Views: 2404
par Brigitte Axelrad – SPS n° 293, hors-série Psychanalyse, décembre 2010 publié par l’AFIS
Pankejeff erre alors de cure en cure, d’analyste en analyste et finalement entre à l’asile de Vienne, où il meurt en 1978, à 80 ans passés. Une journaliste autrichienne, Karin Obholzer, l’avait retrouvé quelques années auparavant et avait recueilli ses confidences (contre la promesse de ne les publier qu’après sa mort, car il recevait régulièrement de l’argent du directeur des Archives Freud, qui n’avait évidemment pas intérêt à ce qu’il parle). L’Homme aux loups avoue « En réalité, toute cette histoire ressemble à une catastrophe. Je suis dans le même état que lorsque je suis venu voir Freud pour la première fois. […] Tout ça c’est du pipeau. […] Au lieu de m’avoir fait du bien, les psychanalystes m’ont fait du mal. » (Franck J. Sulloway, 2005, « Qui a peur de l’homme aux loups ? » Le Livre Noir de la psychanalyse, Paris, Ed des Arènes, pp. 104-109).
Dans une lettre du 13 février 1910, dès le début de l’analyse, Freud confie à Ferenczi qu’il est l’objet d’un transfert négatif violent de la part de son patient : « Un jeune Russe riche, que j’ai pris en analyse à cause d’une passion amoureuse compulsive, m’a fait l’aveu, après la première séance, des transferts suivants : juif escroc, il aimerait me prendre par derrière et me chier sur la tête ».
Jacques Bénesteau, dans Mensonges Freudiens, expose avec grand art ce qui valut à Pankejeff son surnom d’homme aux loups ainsi que les aberrations des interprétations de Freud. Freud décrypte un rêve fait à quatre ans par son patient, qui rappelle une scène observée et mémorisée à 18 mois, et rapporté vingt deux ans plus tard sur le divan. Pankejeff se souvient d’avoir fait un cauchemar dans lequel six ou sept loups sont perchés, immobiles, sur un arbre devant la fenêtre. Le patient dessinera son rêve mais avec cinq loups seulement. Freud va interpréter ce rêve terme à terme depuis la couleur blanche des loups, qui évoque les sous-vêtements des parents, jusqu’aux queues des loups, qui renvoient aux symboles phalliques et à l’angoisse de castration. Puisque l’inconscient dit toujours le contraire de ce qu’il veut dire, si les loups sont immobiles, c’est que les parents sont actifs, si le rêve se passe la nuit, alors c’est que la scène se produit le jour, etc. La scène traumatique à l’origine de la phobie des loups est donc évidente : c’est, à cinq heures d’un après-midi d’été, la « scène originelle » des rapports sexuels entre ses parents, un « coïtus a tergo », une « copulation sauvage » à quatre pattes comme les loups, trois fois de suite dans la demi-heure ! Freud ne doute pas que l’enfant, qui n’a que 18 mois, a tout vu, mémorisé tous les détails de la scène, les différences anatomiques entre le père et la mère, etc.
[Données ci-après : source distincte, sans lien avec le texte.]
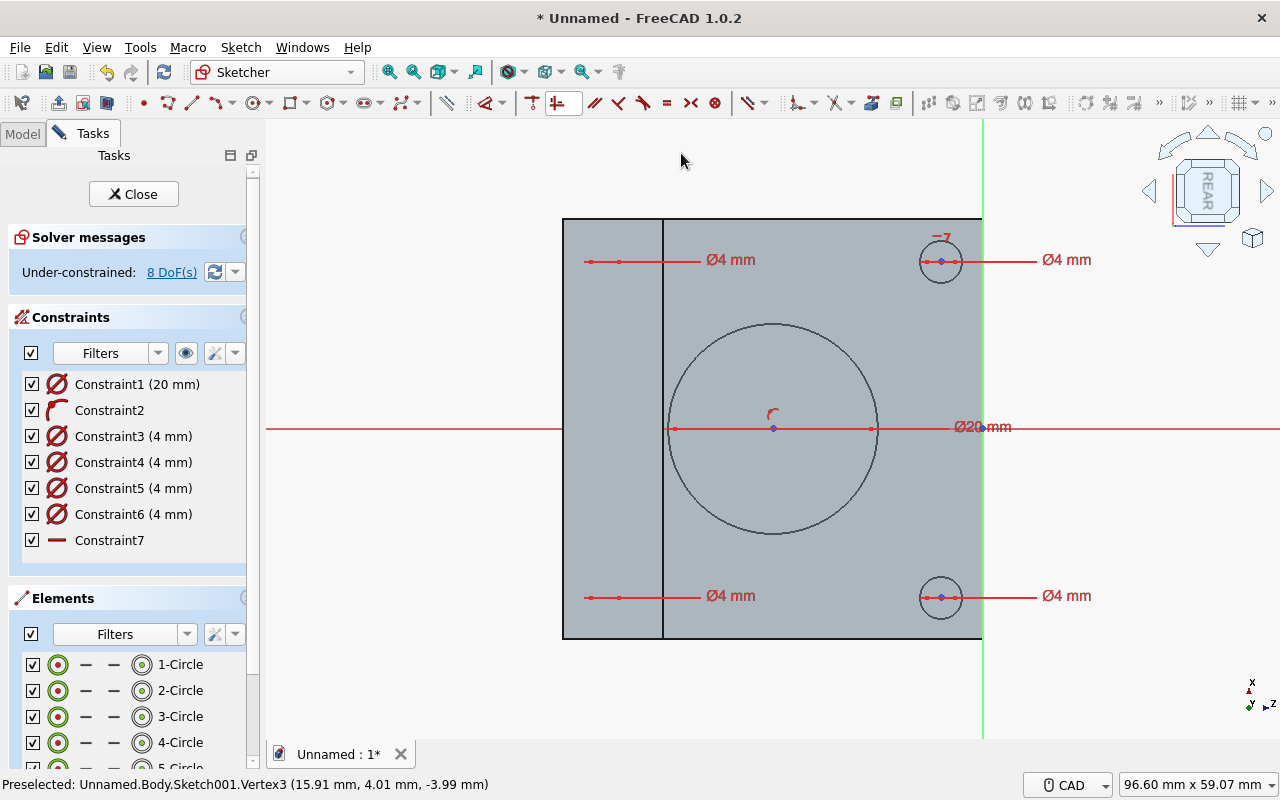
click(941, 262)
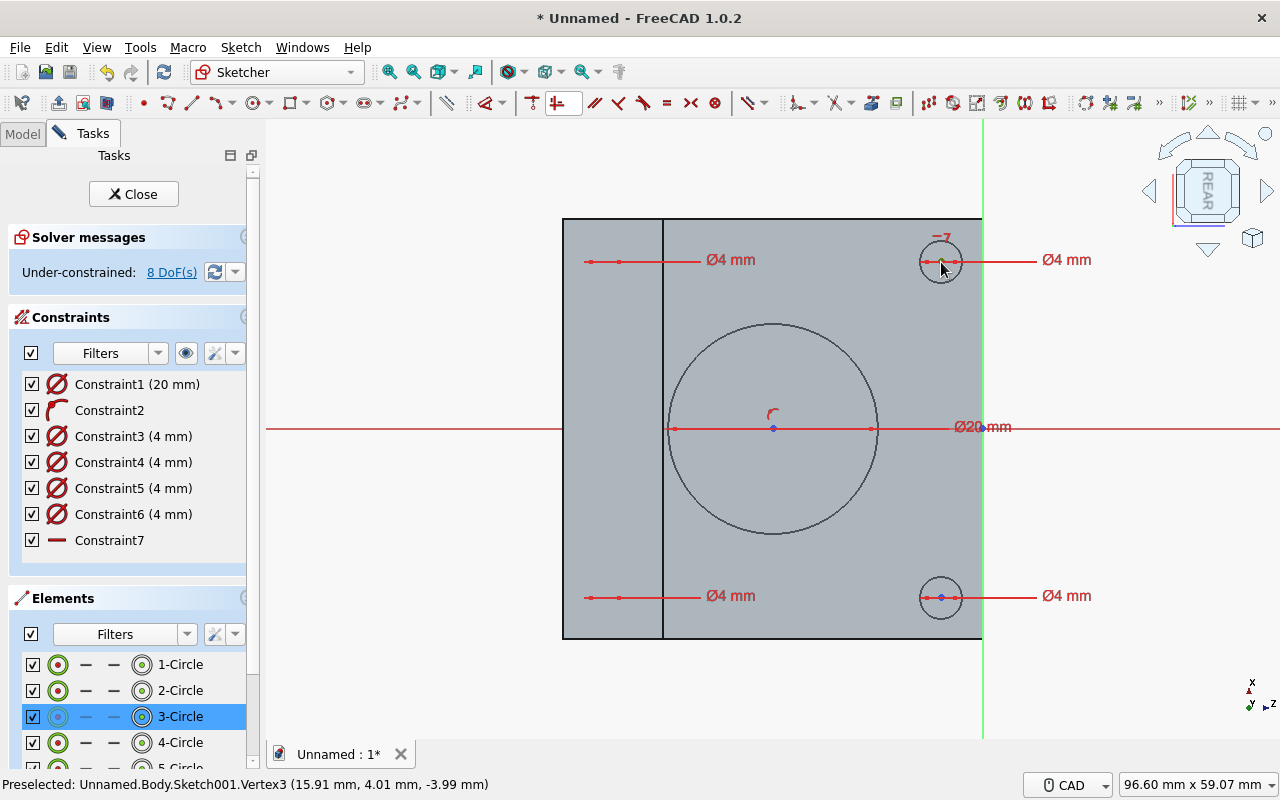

C’est ainsi que des interprétations de Freud jaillit l’explication des troubles de l’homme aux loups : il désire être sexuellement possédé de cette façon par son père, mais l’angoisse de castration l’amène à refouler ce désir. Voici l’origine de son complexe d’Œdipe inversé : il aime son père et repousse sa mère pour qu’elle lui laisse le champ libre auprès de lui. Voilà l’origine de son homosexualité et de sa névrose obsessionnelle à son arrivée chez Freud. Par ailleurs, entre autres troubles, Pankejeff présente une constipation opiniâtre dont Freud prétend le libérer. En effet, l’enfant Serguéï « aurait déféqué devant le spectacle de ses parents agités, mettant un terme à leurs occupations charnelles (sans doute y aurait-il eu, sinon, un quatrième rapport sexuel !) ».
Pourquoi finalement un tel retour du refoulé ne parvient pas à libérer l’homme aux loups de ses angoisses ? Bénesteau en donne une raison : « La scène en réalité répète un agglomérat de souvenirs de l’enfance de Freud, notamment un célèbre fragment autobiographique qu’il publia en 1899, en le prêtant déjà à quelqu’un d’autre ».
Ce n’est pas la seule fois que se vérifie la forte tendance de Freud à projeter sur les cas présentés par ses patients ses propres traumatismes, qu’il généralise ensuite pour échafauder sa théorie.